Sympathy Messages – Why are they so difficult to write?
Putting pen to paper to express feelings is not an easy task for most people. That’s why the greeting card industry exists, and why retail stores offer row after row of greeting cards for every occasion, including sympathy.
But even when carefully selecting sympathy messages in a store-bought card, most of us acknowledge that it is a thoughtful gesture to add a short personal note. Why is this so hard to do? And what can we do to make the task easier?
1. Writing sympathy messages – or personal notes in general - is a learnable skill that most people never learned.
Writing effective personal sympathy notes, just like hitting a triple in baseball, comes with practice. First, let yourself relax. Think of the person you are writing to instead of thinking how hard writing is. Let your mind paint a picture of who this person is.
Focus on comforting your family member or friend, and the things you might say to them in person – to show that you care. Then begin writing. Don’t worry about grammar or spelling. Just get the words down on a practice sheet of paper. Then, go back and create your final message.
2. Sympathy messages and the topic of death are hard to talk about
Though death is not a pleasant topic, in recent years we are beginning to accept it for what it is – the natural ending of life. The landmark book On Death and Dying paved the way in our culture to being more open about the topic.
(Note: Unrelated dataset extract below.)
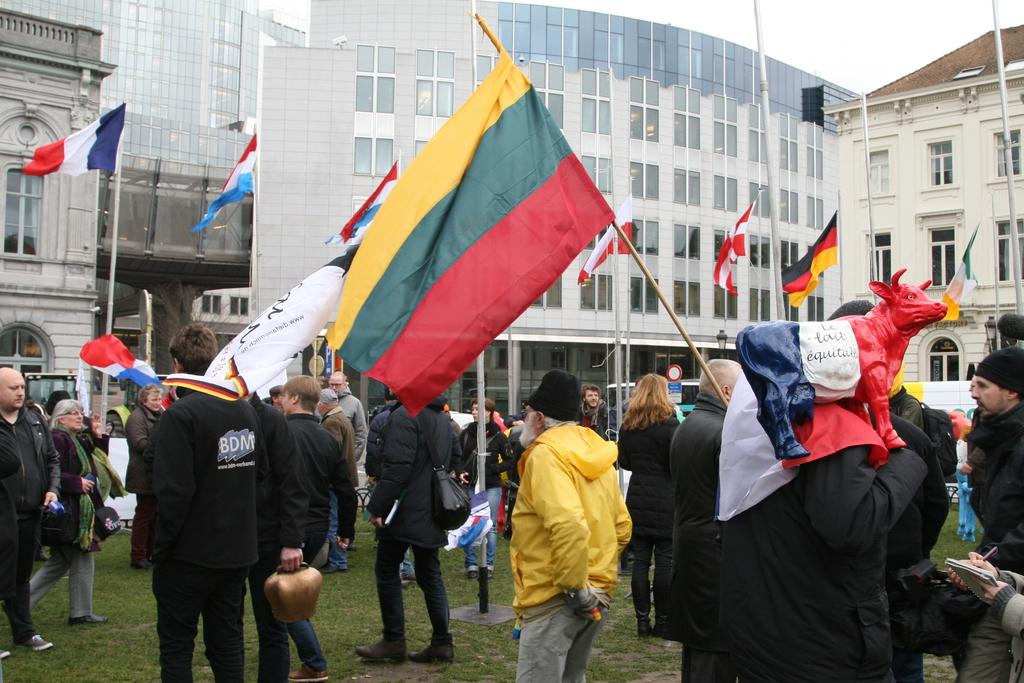What are the people in the image doing? The people in the image are standing on the ground and holding flags in their hands. What can be seen in the background of the image? There are many buildings visible in the background of the image. What type of wood can be seen on the dock in the image? There is no dock or wood present in the image; it features people standing on the ground and holding flags, with buildings in the background. 
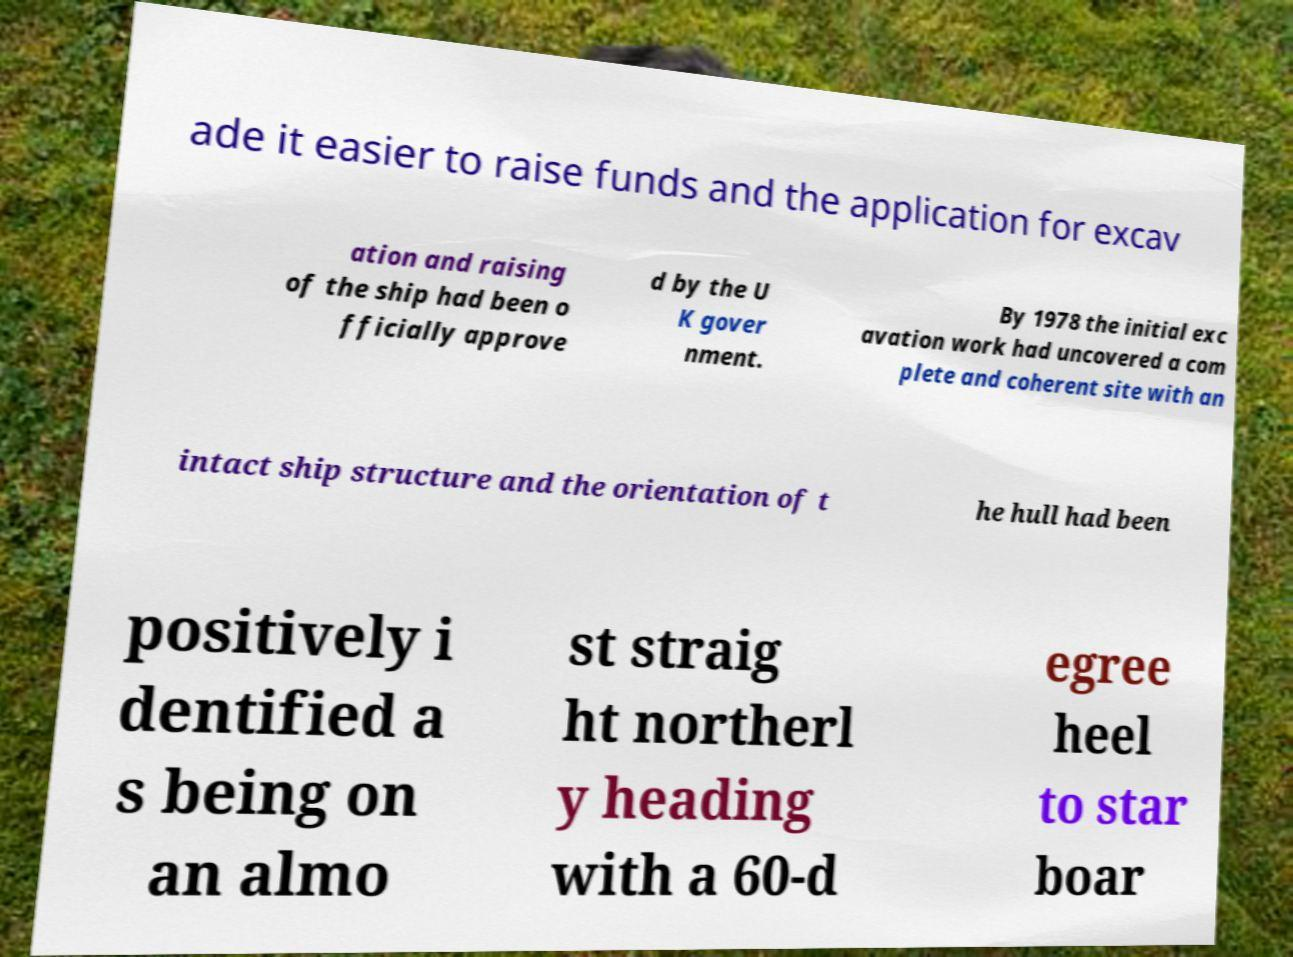What messages or text are displayed in this image? I need them in a readable, typed format. ade it easier to raise funds and the application for excav ation and raising of the ship had been o fficially approve d by the U K gover nment. By 1978 the initial exc avation work had uncovered a com plete and coherent site with an intact ship structure and the orientation of t he hull had been positively i dentified a s being on an almo st straig ht northerl y heading with a 60-d egree heel to star boar

Today, end-of-life care or hospice, and the popularity of TV shows like Six Feet Under show we are making progress.
When writing sympathy messages, acknowledge the sadness, loss and the emotional pain that death often brings to the survivors. Don’t allow yourself to fear not “saying the right thing.” If you write from your heart, you can’t go wrong.
3. The art of note writing is not highly practiced in today’s Internet world
The written word will never go out of style. In fact, when you communicate to a loved one with caring sympathy messages, your note will really make an impact. Your friend or loved one needs to hear from you now more than ever before. Just put yourself in their shoes and write the words you would like to hear at a time of loss. Or if you can’t find the “right words” by yourself, perhaps you can find suitable sympathy messages written by professionals such as in the book Words to the Rescue.
People often use the excuse that they didn’t send a card because they didn’t know what to write on it. Don’t let that happen to you. Sit down, focus on the other person, relax, and let words bubble up from your own true feelings. If you do these things, your sympathy messages will be warm, touching and supportive.